VANCOUVER - The Phoenix Coyotes were a team on a mission.

They arrived in Vancouver on the strength of three straight wins on home ice and without a loss in regulation dating back to March 25 against Detroit.

But the Coyotes' recent surge hit a snag in their timid 2-0 defeat to the Canucks on Monday. Phoenix (17-16-6) started slow and barely recovered, finishing with just 19 shots on goal.

Goaltender Mike Smith did all he could to keep his team in the contest, stopping 41 shots, but his performance failed to inspire a lacklustre Phoenix offence.

"We just didn't create enough to give ourselves chances and good looks to put the puck on net," Smith said.

"Credit to them they did a good job of getting in our face and making it hard on us to get pucks back in their end, but when you're facing elimination like we are we've got to be more desperate than we showed tonight."

Coyotes coach Dave Tippett was disappointed with the display and even more annoyed with his team's inability to build on Smith's work between the pipes.

"We were just slow moving, we were slow out of the gate for whatever reason," he said. "It's not a lack of confidence, we should have confidence coming off some good home wins, but we didn't execute well, we didn't skate well and that's what you get when you don't execute and don't skate."

While it was only Phoenix's first regulation defeat in seven games, it was a critical loss. With only nine games remaining in the shortened season, the Coyotes still sit three points behind the eighth-placed Red Wings.

It may not appear to be a big gap, but six of Phoenix's remaining games are on the road and it has struggled outside Arizona, going 4-9-5.

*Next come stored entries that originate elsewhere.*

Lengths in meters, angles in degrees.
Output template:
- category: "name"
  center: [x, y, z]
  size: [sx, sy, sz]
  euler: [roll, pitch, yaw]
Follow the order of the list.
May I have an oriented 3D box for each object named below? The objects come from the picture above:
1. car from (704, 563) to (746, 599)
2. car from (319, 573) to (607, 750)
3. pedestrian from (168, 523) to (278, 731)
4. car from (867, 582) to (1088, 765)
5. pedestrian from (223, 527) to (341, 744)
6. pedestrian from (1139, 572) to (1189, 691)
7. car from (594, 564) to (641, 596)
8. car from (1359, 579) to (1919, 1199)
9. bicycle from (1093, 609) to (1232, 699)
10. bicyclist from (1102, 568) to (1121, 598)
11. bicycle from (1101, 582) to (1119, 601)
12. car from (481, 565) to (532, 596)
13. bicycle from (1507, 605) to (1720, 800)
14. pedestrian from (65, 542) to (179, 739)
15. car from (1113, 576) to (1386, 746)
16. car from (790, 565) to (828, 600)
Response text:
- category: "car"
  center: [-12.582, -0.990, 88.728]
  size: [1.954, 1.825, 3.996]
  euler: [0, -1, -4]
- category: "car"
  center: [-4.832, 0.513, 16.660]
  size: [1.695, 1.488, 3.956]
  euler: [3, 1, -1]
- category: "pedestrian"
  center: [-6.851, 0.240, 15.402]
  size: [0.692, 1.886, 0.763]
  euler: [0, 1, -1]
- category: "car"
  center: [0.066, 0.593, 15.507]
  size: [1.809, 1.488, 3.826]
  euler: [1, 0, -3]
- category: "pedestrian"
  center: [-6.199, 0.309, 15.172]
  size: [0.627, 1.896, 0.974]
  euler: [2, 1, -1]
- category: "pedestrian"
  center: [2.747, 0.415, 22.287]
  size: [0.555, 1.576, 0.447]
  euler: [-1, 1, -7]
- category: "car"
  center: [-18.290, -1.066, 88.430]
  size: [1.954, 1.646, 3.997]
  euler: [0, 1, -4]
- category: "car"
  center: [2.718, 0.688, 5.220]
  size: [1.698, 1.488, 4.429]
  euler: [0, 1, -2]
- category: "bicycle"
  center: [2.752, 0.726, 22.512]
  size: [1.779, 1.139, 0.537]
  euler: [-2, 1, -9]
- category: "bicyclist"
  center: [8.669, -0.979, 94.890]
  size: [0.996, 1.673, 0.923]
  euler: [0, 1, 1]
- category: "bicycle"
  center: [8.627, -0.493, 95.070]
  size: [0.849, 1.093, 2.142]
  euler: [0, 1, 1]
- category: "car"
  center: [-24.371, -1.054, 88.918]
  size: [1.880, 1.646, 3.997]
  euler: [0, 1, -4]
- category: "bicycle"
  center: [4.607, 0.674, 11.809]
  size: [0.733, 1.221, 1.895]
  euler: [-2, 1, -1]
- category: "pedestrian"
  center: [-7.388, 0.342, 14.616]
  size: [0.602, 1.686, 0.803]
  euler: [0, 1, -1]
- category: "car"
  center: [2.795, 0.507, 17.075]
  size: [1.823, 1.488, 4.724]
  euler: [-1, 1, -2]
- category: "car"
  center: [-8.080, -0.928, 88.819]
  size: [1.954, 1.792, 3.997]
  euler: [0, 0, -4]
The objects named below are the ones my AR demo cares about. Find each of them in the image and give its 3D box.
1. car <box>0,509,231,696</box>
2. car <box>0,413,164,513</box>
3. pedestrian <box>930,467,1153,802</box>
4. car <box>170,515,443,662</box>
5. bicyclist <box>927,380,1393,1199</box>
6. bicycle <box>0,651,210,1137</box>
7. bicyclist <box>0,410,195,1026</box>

"We haven't executed nearly as well on the road as we have at home," Tippett said.

"It's little plays getting made, it's playing a sound game and we just haven't been able to get enough people to get up to snuff like they are at home."

Added Coyotes captain Shane Doan: "We've just got to get back to playing the way we've been playing for the last six or seven games and give ourselves a chance.

"Obviously it makes the next two on the road (against Edmonton and Calgary) that much more important."